Studies have demonstrated that COVID-19 infection is associated with several cardiovascular complications including myocarditis, arrhythmias, and vascular inflammation. Localised inflammation at the plaque level may disrupt stable coronary atheroma and predispose to acute coronary syndromes [7].

Although the patient in this case did not have a history of angina, moderate multivessel coronary atheroma was found on coronary angiography, indicating preexisting asymptomatic coronary artery disease. The presence of COVID-19 infection may have not only promoted plaque instability in the LAD but also the development of early LVT.
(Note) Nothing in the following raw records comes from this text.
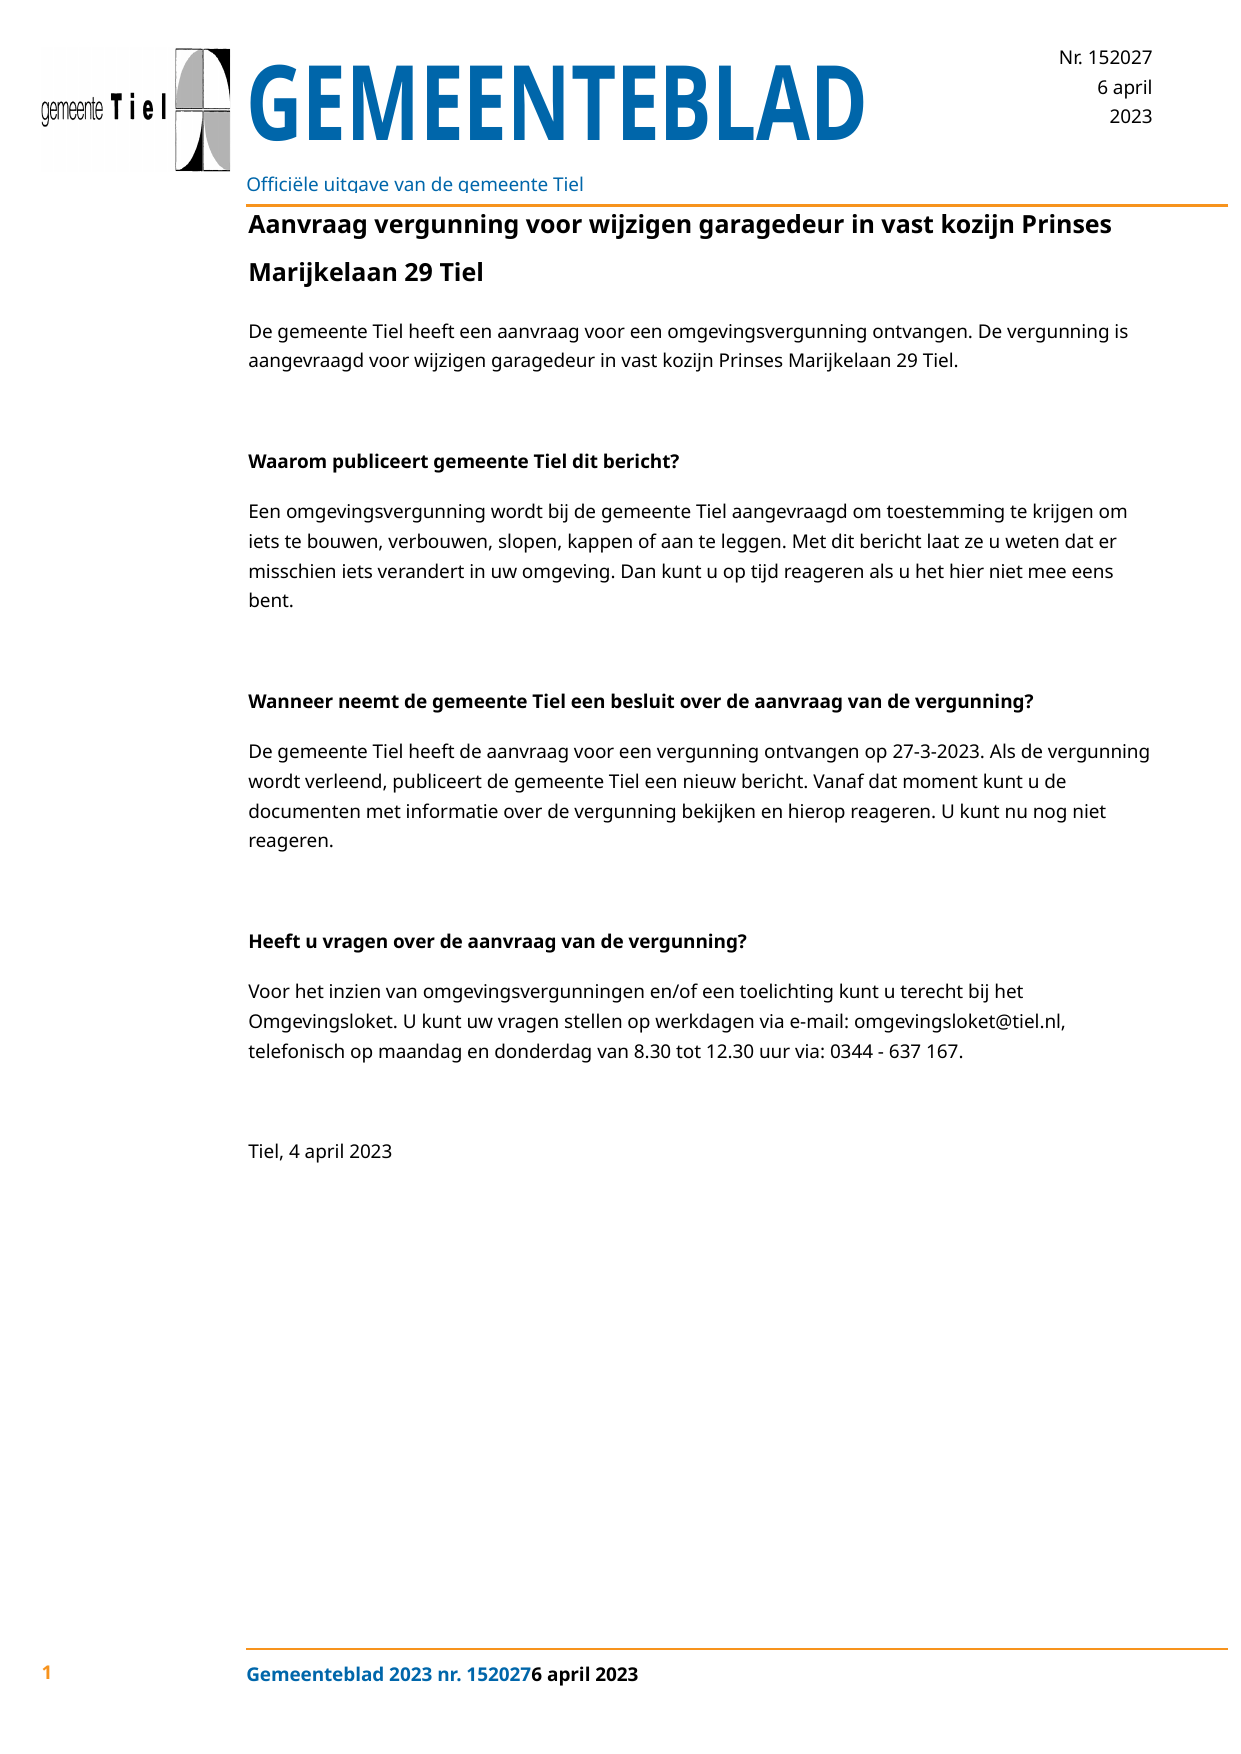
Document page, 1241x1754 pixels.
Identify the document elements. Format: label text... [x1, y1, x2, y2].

text De gemeente Tiel heeft een aanvraag voor een omgevingsvergunning ontvangen. De vergunning is aangevraagd voor wijzigen garagedeur in vast kozijn Prinses Marijkelaan 29 Tiel. [248, 318, 1152, 373]
text Een omgevingsvergunning wordt bij de gemeente Tiel aangevraagd om toestemming te krijgen om iets te bouwen, verbouwen, slopen, kappen of aan te leggen. Met dit bericht laat ze u weten dat er misschien iets verandert in uw omgeving. Dan kunt u op tijd reageren als u het hier niet mee eens bent. [248, 499, 1152, 613]
text Heeft u vragen over de aanvraag van de vergunning? [248, 928, 1152, 954]
picture [41, 47, 231, 172]
text Tiel, 4 april 2023 [248, 1139, 1152, 1164]
text Aanvraag vergunning voor wijzigen garagedeur in vast kozijn Prinses Marijkelaan 29 Tiel [248, 207, 1152, 288]
text Voor het inzien van omgevingsvergunningen en/of een toelichting kunt u terecht bij het Omgevingsloket. U kunt uw vragen stellen op werkdagen via e-mail: omgevingsloket@tiel.nl, telefonisch op maandag en donderdag van 8.30 tot 12.30 uur via: 0344 - 637 167. [248, 979, 1152, 1064]
text De gemeente Tiel heeft de aanvraag voor een vergunning ontvangen op 27-3-2023. Als de vergunning wordt verleend, publiceert de gemeente Tiel een nieuw bericht. Vanaf dat moment kunt u de documenten met informatie over de vergunning bekijken en hierop reageren. U kunt nu nog niet reageren. [248, 739, 1152, 853]
text Waarom publiceert gemeente Tiel dit bericht? [248, 448, 1152, 474]
text Wanneer neemt de gemeente Tiel een besluit over de aanvraag van de vergunning? [248, 688, 1152, 714]
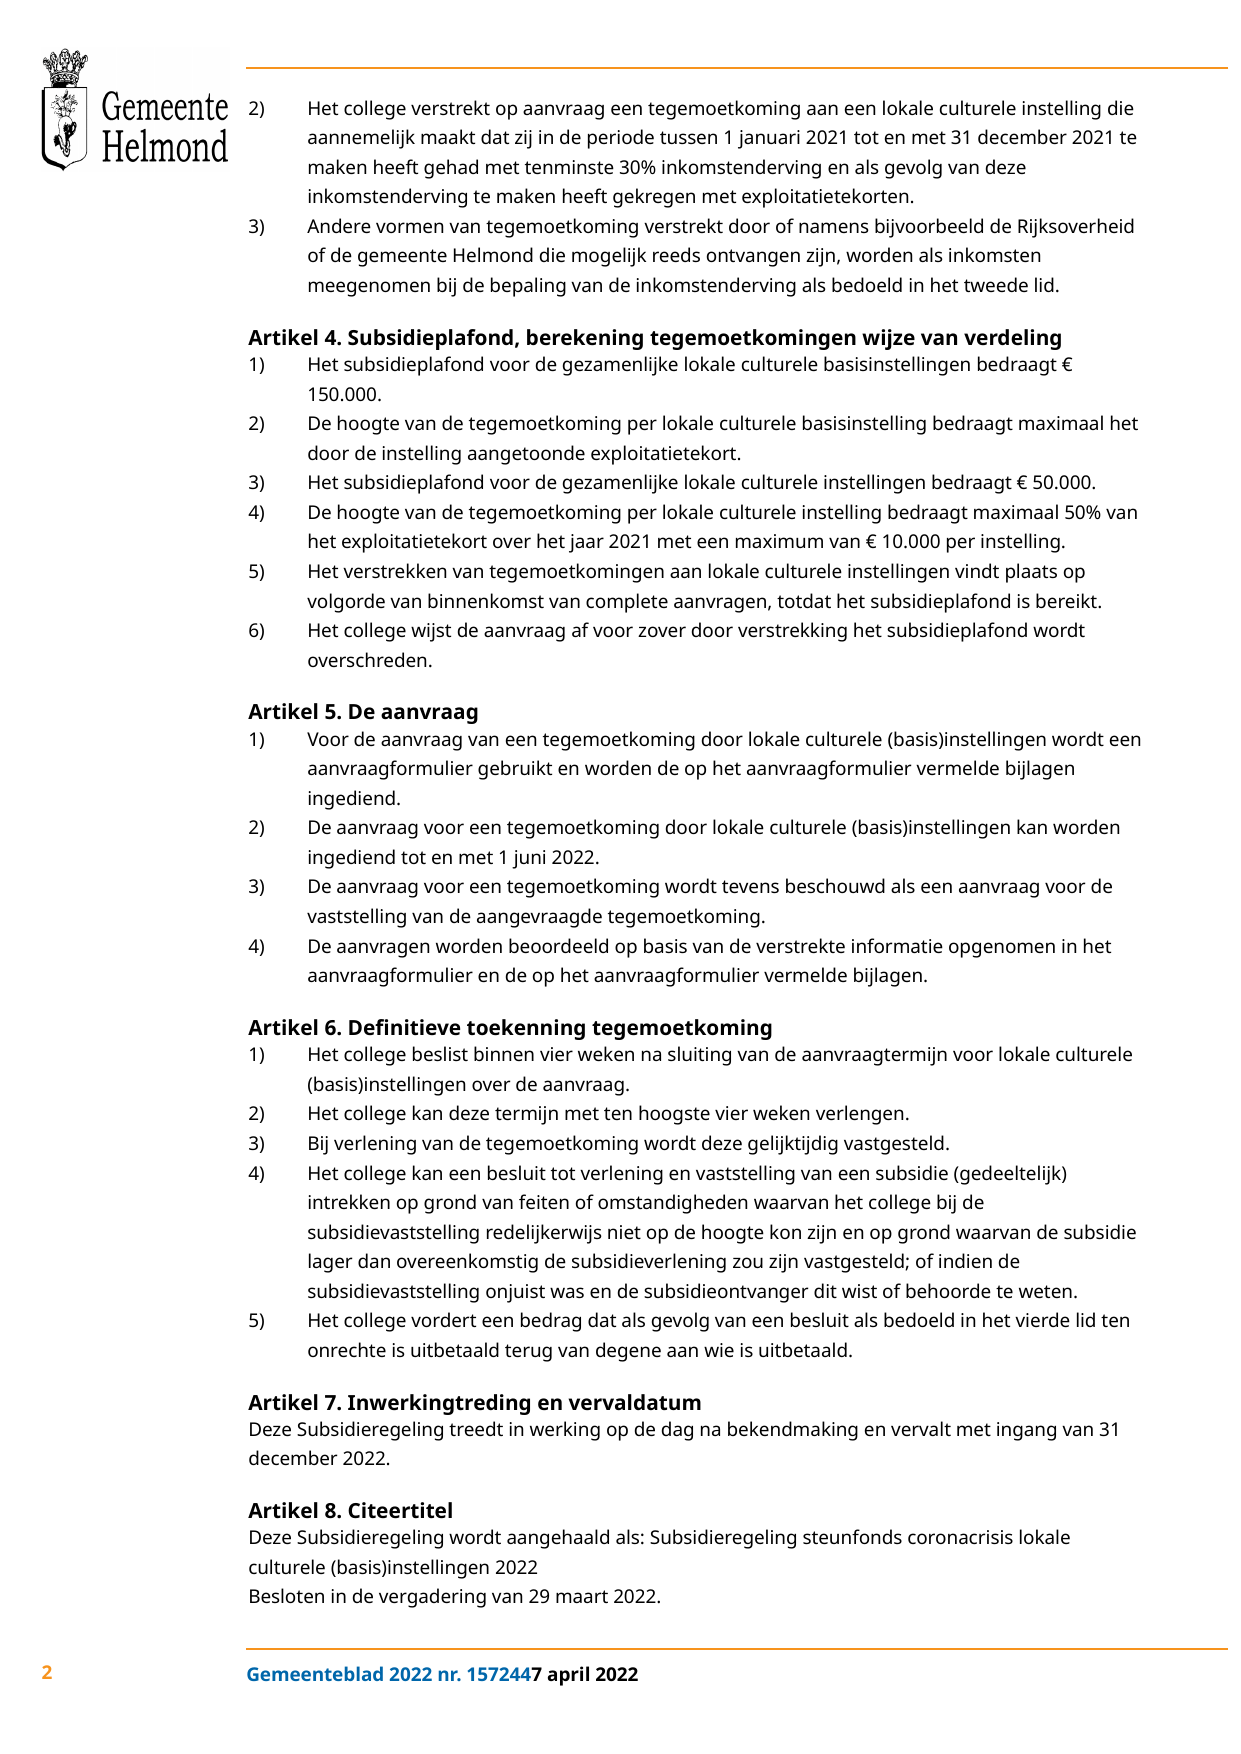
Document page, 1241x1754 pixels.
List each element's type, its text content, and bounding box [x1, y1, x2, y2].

Although the prevalence of LVT has fallen in the modern era of early revascularisation, frequency of detection is likely to increase during the COVID-19 pandemic. Firstly, patients with MI symptoms are more likely to avoid early hospital admission due to a fear of contracting COVID-19. Secondly, COVID-19 infection has been associated with markedly hypercoagulable thromboelastography profiles, increasing the risk of early LVT formation.

Detection of LVT in COVID-19 post-MI patients is paramount due to the risk of systemic thromboembolism, further increasing the risk of morbidity and mortality in this high-risk group. International guidelines recommend anticoagulation if LVT is detected [8]. This case highlights that COVID-19 patients presenting with MI are at risk of early LVT formation and should be evaluated with early inpatient echocardiography, with a low threshold for contrast echocardiography or CMR if necessary.

Additional Points

Learning Objectives. Case: a patient with COVID-19 who developed early LV thrombus. (i) Patients with COVID-19 are potentially hypercoagulable and may form LV thrombus far earlier than expected. (ii) Consider early inpatient imaging following acute MI in COVID-19 patients with echocardiography or CMR if necessary.

Conflicts of Interest

The authors declare that they have no conflicts of interest.